Top of Data below

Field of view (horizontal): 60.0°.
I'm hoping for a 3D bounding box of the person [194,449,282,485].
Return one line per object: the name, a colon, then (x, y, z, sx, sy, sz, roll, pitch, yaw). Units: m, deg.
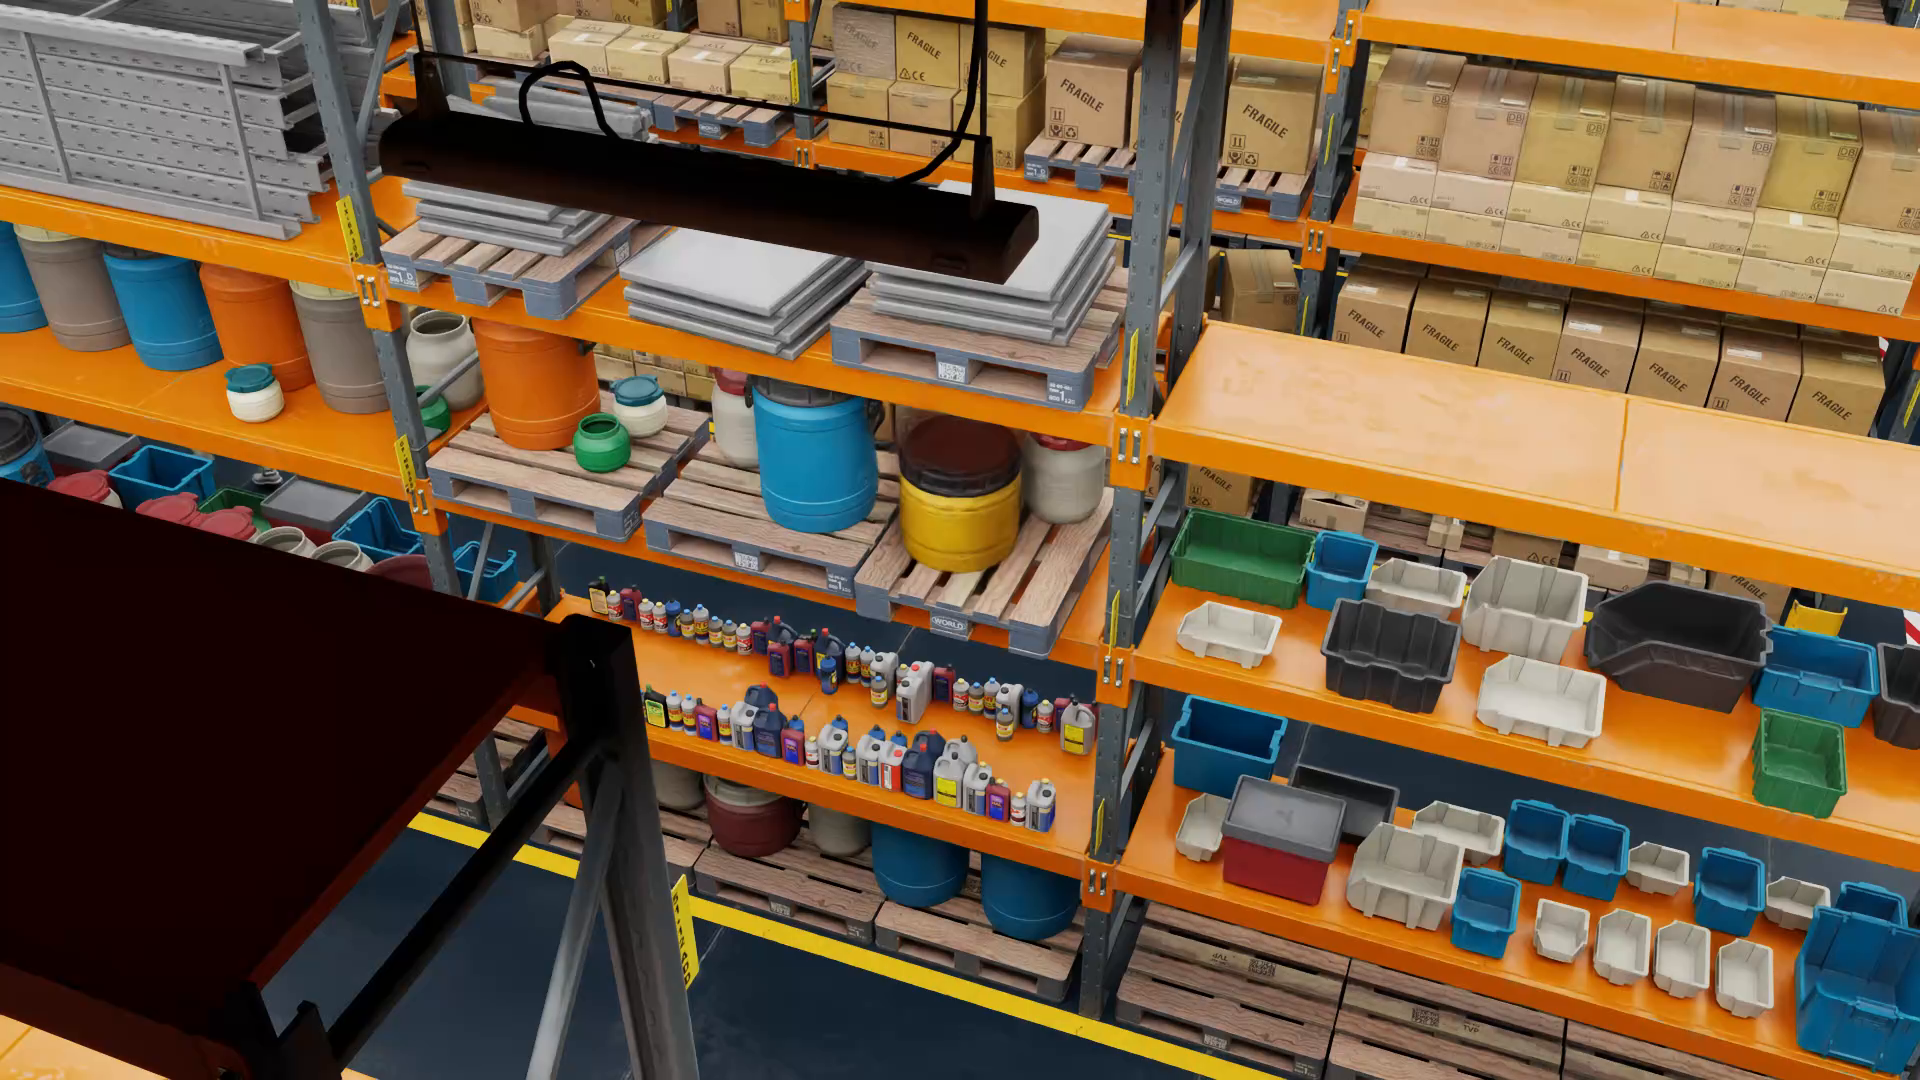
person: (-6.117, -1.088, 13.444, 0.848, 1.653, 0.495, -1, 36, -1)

Bottom of Data below

* _What you need to do_:
If you see a picture in the listing, skip it while copying everything else exactly.

* _Reply to the task_:
Field of view (horizontal): 60.0°.
I'm hoping for a 3D bounding box of the person [194,449,282,485].
Return one line per object: the name, a colon, then (x, y, z, sx, sy, sz, roll, pitch, yaw). Units: m, deg.
person: (-6.117, -1.088, 13.444, 0.848, 1.653, 0.495, -1, 36, -1)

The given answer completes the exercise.